The wreckage of a light plane that carried three men to their deaths on Dec. 1 was removed Thursday from Lake Roosevelt.
A floating crane hoisted the mangled aircraft from the frigid water 2-1/2 miles north of Kettle Falls as though it were a giant marlin on a fisherman’s line.
The plane was taken to the Colville Airport, where it will remain locked in a hangar for a few days until it is released to its owner.
There was confusion Thursday over who the owner is. Officials said Colville area resident Shawn Arnold has an ownership interest along with the estate of pilot Richard Donley, the registered owner who died in the crash.
“Mr. Arnold had gained an interest in the plane by doing some mechanical work,” Stevens County Sheriff Craig Thayer said.
Arnold could not be reached for comment.
Officials said the uninsured Rockwell Commander Series 112 still has salvage value.
Columbia Navigation owner Eric Weatherman said he feels sorry for Arnold and plans to donate Thursday’s salvage operation that included a barge-mounted crane and two tugboats. He said he hopes the plane’s owner, whomever that is, will reciprocate with a donation to the Tri-County Divers Club.
Three members of the club attached a line to the wreckage so Weatherman and a four-man crew could reel it in.
The water temperature was in the mid-40s, and snow flurries and a chilly wind added to the cold. Diver Dave Shoemaker went aboard one of the tugs to warm up after becoming so chilled his hands wouldn’t move.

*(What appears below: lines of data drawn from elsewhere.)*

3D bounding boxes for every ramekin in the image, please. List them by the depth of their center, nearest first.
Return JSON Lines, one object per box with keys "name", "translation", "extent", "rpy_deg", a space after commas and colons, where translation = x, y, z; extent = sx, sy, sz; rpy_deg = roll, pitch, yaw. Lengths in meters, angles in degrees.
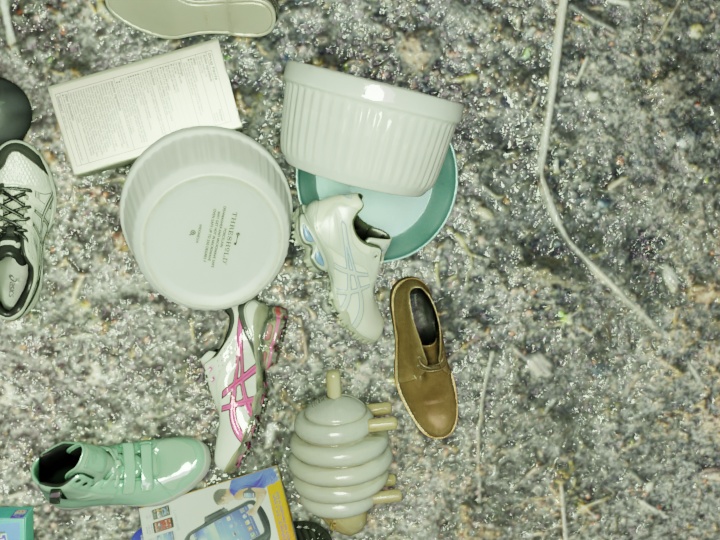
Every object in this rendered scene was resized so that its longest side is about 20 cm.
{"name": "ramekin", "translation": [0.006, -0.151, 1.007], "extent": [0.196, 0.200, 0.107], "rpy_deg": [12, 102, -8]}
{"name": "ramekin", "translation": [-0.167, -0.050, 1.039], "extent": [0.198, 0.095, 0.206], "rpy_deg": [-6, 117, -11]}

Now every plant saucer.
{"name": "plant saucer", "translation": [0.019, -0.112, 1.123], "extent": [0.195, 0.036, 0.205], "rpy_deg": [0, 93, -7]}

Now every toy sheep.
{"name": "toy sheep", "translation": [-0.021, 0.213, 1.095], "extent": [0.135, 0.138, 0.205], "rpy_deg": [-5, 98, -7]}

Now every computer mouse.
{"name": "computer mouse", "translation": [-0.468, -0.154, 1.049], "extent": [0.196, 0.053, 0.141], "rpy_deg": [-22, 96, -5]}

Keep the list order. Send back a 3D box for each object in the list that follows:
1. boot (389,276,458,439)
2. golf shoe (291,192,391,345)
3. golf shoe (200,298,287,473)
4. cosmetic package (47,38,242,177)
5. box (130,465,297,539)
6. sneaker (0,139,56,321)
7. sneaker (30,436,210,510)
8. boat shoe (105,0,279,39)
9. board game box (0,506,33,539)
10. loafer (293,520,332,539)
{"name": "boot", "translation": [0.078, 0.111, 1.127], "extent": [0.072, 0.075, 0.204], "rpy_deg": [-14, 97, -8]}
{"name": "golf shoe", "translation": [0.000, 0.000, 1.075], "extent": [0.096, 0.079, 0.202], "rpy_deg": [-22, 126, 9]}
{"name": "golf shoe", "translation": [-0.148, 0.133, 1.104], "extent": [0.090, 0.073, 0.204], "rpy_deg": [13, 82, -2]}
{"name": "cosmetic package", "translation": [-0.241, -0.183, 1.066], "extent": [0.196, 0.073, 0.106], "rpy_deg": [-16, 96, -6]}
{"name": "box", "translation": [-0.175, 0.318, 1.097], "extent": [0.196, 0.042, 0.121], "rpy_deg": [-16, 61, -7]}
{"name": "sneaker", "translation": [-0.381, -0.042, 1.044], "extent": [0.074, 0.088, 0.205], "rpy_deg": [1, 97, -14]}
{"name": "sneaker", "translation": [-0.271, 0.226, 1.061], "extent": [0.196, 0.119, 0.075], "rpy_deg": [-11, 67, -6]}
{"name": "boat shoe", "translation": [-0.191, -0.308, 1.080], "extent": [0.195, 0.058, 0.068], "rpy_deg": [5, 129, -4]}
{"name": "board game box", "translation": [-0.484, 0.357, 1.086], "extent": [0.195, 0.045, 0.156], "rpy_deg": [1, 93, -7]}
{"name": "loafer", "translation": [-0.121, 0.375, 1.130], "extent": [0.197, 0.073, 0.072], "rpy_deg": [-27, 140, -12]}

Officials say almost all the wreckage was recovered. The engine, which they feared had broken away from the plane, was found folded under the fuselage.
Two agents of the Federal Aviation Administration examined and photographed the wreckage as part of a joint investigation with the National Transportation Safety Board. They declined to comment on what their examination may have revealed.
“It’ll probably be another three or four months before our agency rules on the probable cause of the accident,” said Jeff Guzzetti, the Seattlebased NTSB air safety investigator in charge of the probe.
He said he has some ideas about the cause, but is forbidden to say anything until the agency’s five-member board in Washington, D.C., issues a decision. He said his report to the board will cover interviews with witnesses, police reports and a study of the wreckage.
Thayer said the Sheriff’s Department is still trying to find out why Donley, who has a home in northern Stevens County and a restaurant in Kent, Wash., was carrying two passengers with ties to motorcycle gangs. The fact that those onboard left a dog in a van at the Colville Airport suggested the flight was a local excursion.
Donley, 45, and his passengers - Stevens County residents Michael Wooster, 41, and Daniel Schoonover, 47 - all died. Some law enforcement sources say the plane may have been buzzing the home of another biker shortly before the crash.
The plane was flying north along Lake Roosevelt near the town of Marcus when it banked left and dove toward the reservoir. A witness said the engine was running normally when the left wing hit the water.